Scenario_1 score of the logistic regression:  0.9005847953216374


**5. Scenario_2 Apply Grid Search Cross Validation for Logistic Regression:**

In [12]:
from sklearn.model_selection import GridSearchCV

grid = {'C': np.logspace(-3,3,7), 'penalty': ['l1', 'l2']}
# C and penalty are logistic regression regularization parameters
# If C is too small model is underfitted, if C is too big model is overfitted.
# l1 and l2 are regularization loss functions (l1=lasso, l2=ridge)

# Creating the model:
lr = LogisticRegression() 

# Creating GridSearchCV model:
lr_cv = GridSearchCV(lr, grid, cv=10) # Using lr model, grid parameters and cross validation of 10 (10 times of accuracy calculation will be applied) 

# Training the model:
lr_cv.fit(x_train, y_train)

print('best paremeters for logistic regression: ', lr_cv.best_params_)
print('best score for logistic regression after grid search cv:', lr_cv.best_score_)



best paremeters for logistic regression:  {'C': 100.0, 'penalty': 'l1'}
best score for logistic regression after grid search cv: 0.9296482412060302


After the grid search cross validation for logistic regression I found that logistic regression regularization parameters should be;
* C = 100
* penalty = l1

for the best scored logistic regression model.

In [13]:
lr_tuned = LogisticRegression(C=100.0, penalty='l1')

lr_tuned.fit(x_train, y_train)

print('Scenario_2 (tuned) logistic regression score: ', lr_tuned.score(x_test, y_test))
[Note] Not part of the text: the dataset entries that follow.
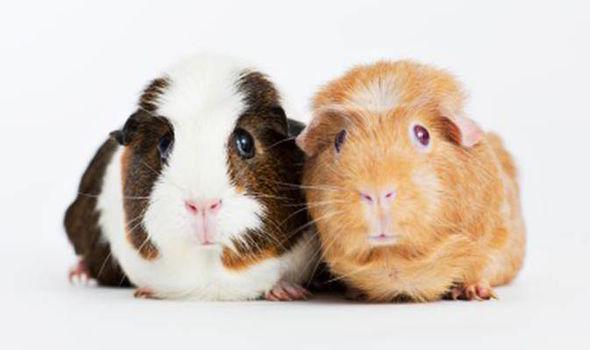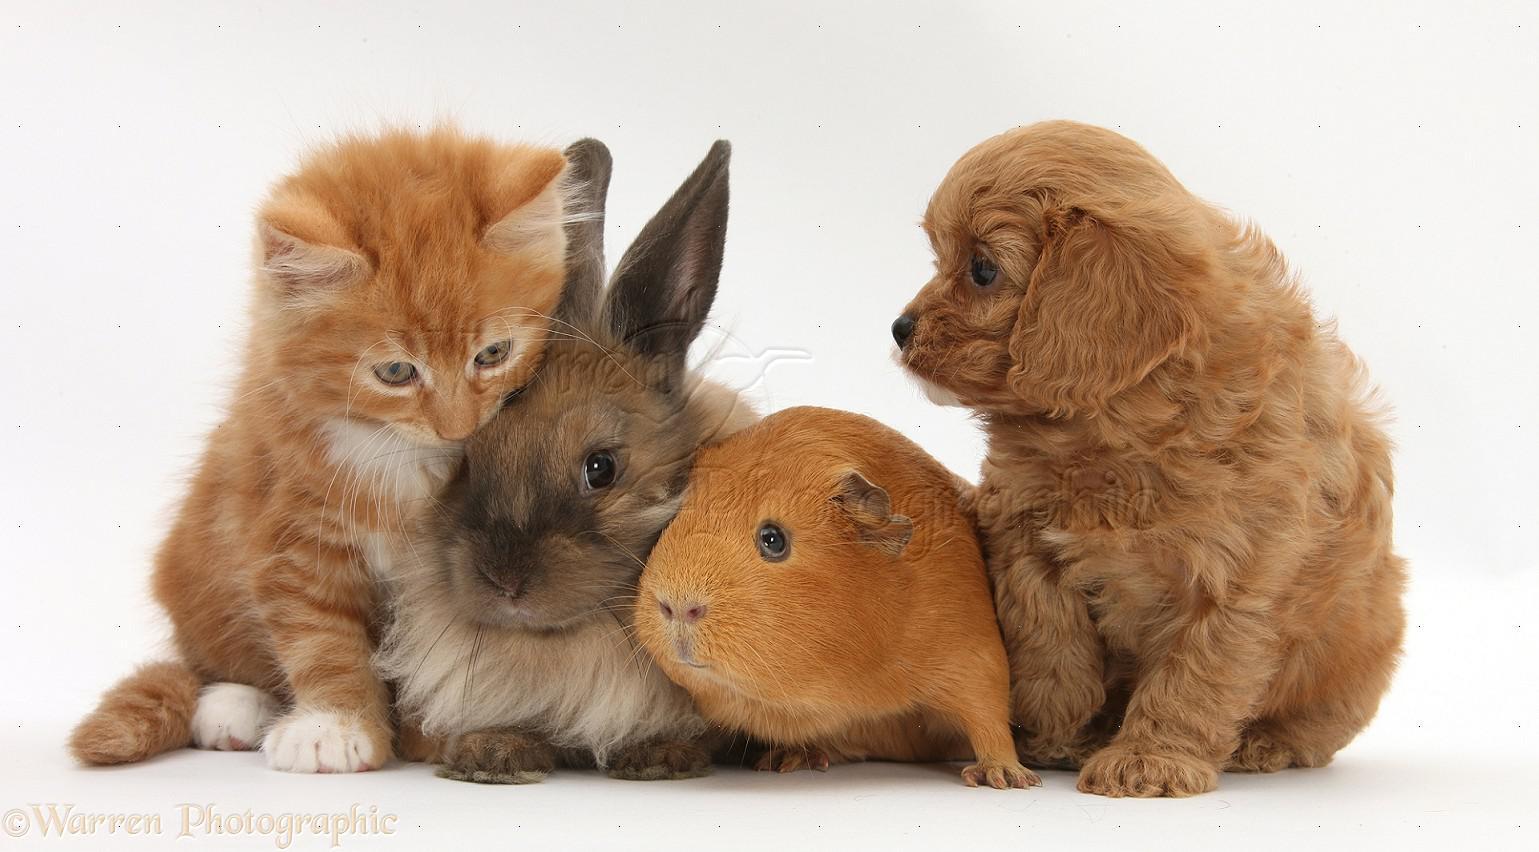The first image is the image on the left, the second image is the image on the right. For the images displayed, is the sentence "In the left image, there are two guinea pigs" factually correct? Answer yes or no. Yes. 
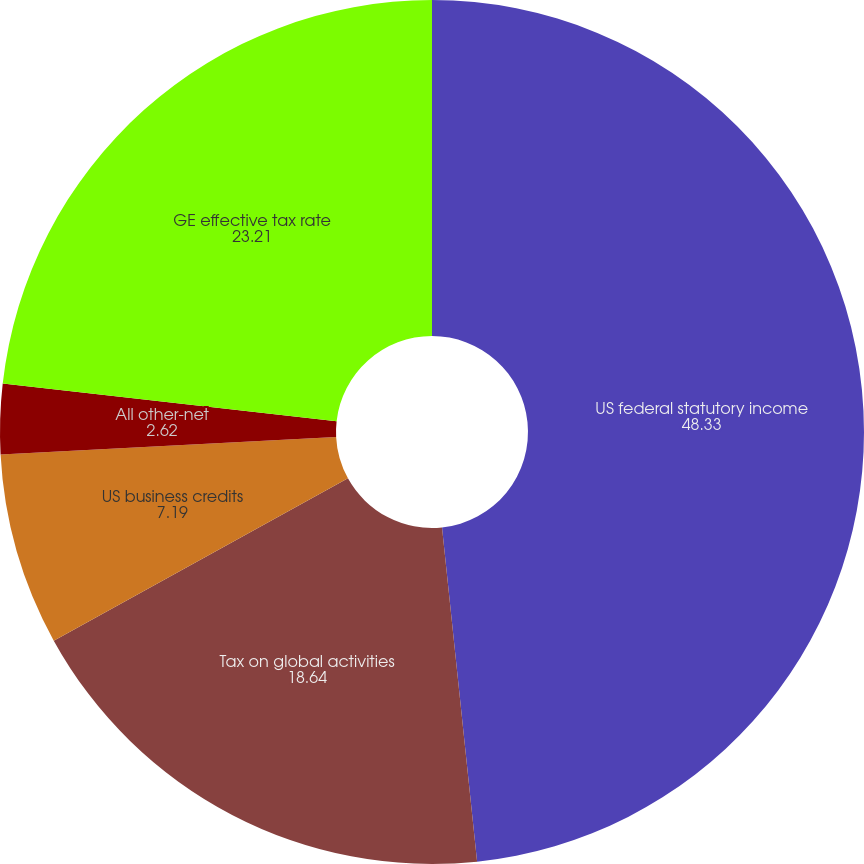<chart> <loc_0><loc_0><loc_500><loc_500><pie_chart><fcel>US federal statutory income<fcel>Tax on global activities<fcel>US business credits<fcel>All other-net<fcel>GE effective tax rate<nl><fcel>48.33%<fcel>18.64%<fcel>7.19%<fcel>2.62%<fcel>23.21%<nl></chart> 
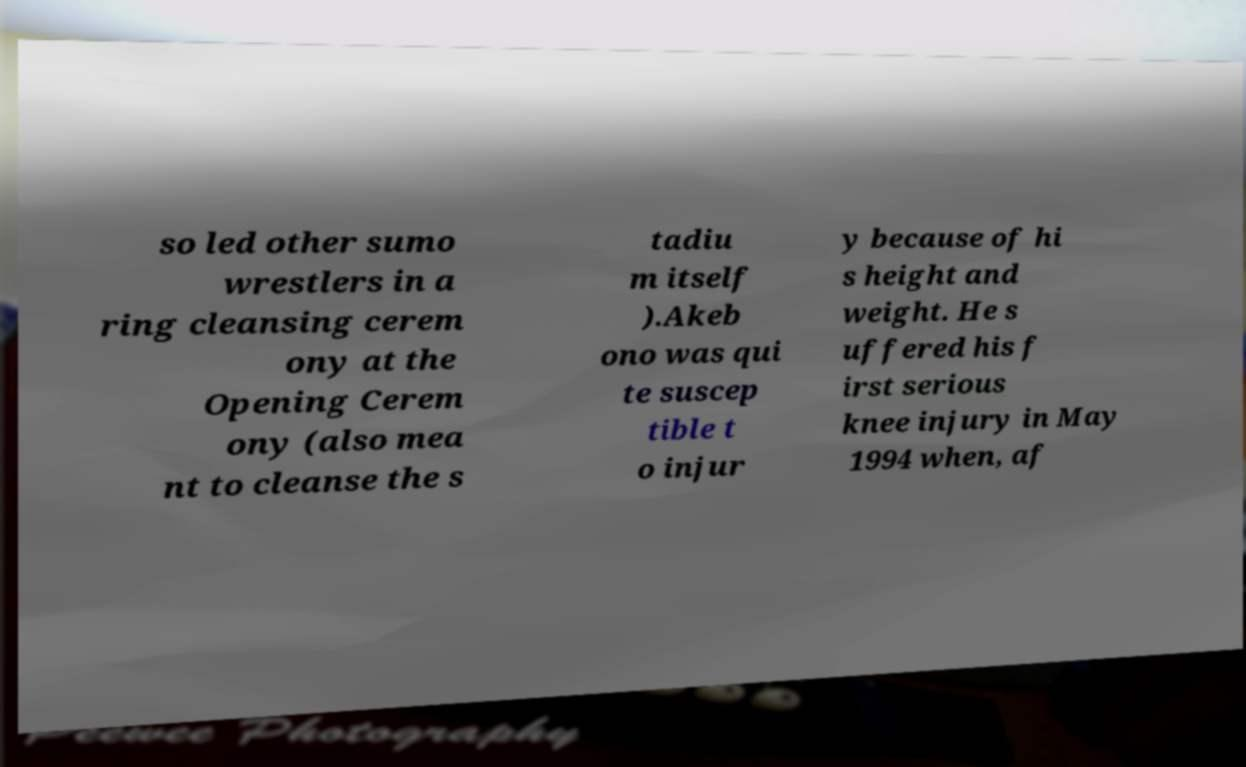Please identify and transcribe the text found in this image. so led other sumo wrestlers in a ring cleansing cerem ony at the Opening Cerem ony (also mea nt to cleanse the s tadiu m itself ).Akeb ono was qui te suscep tible t o injur y because of hi s height and weight. He s uffered his f irst serious knee injury in May 1994 when, af

Scenario_2 (tuned) logistic regression score:  0.9181286549707602


**CONCLUSION:**

In order to improve our models accuracy we should apply grid search cross validation before to find the best parameters. 

Then we can use these regularization parameters to improve our logistic regression classification model.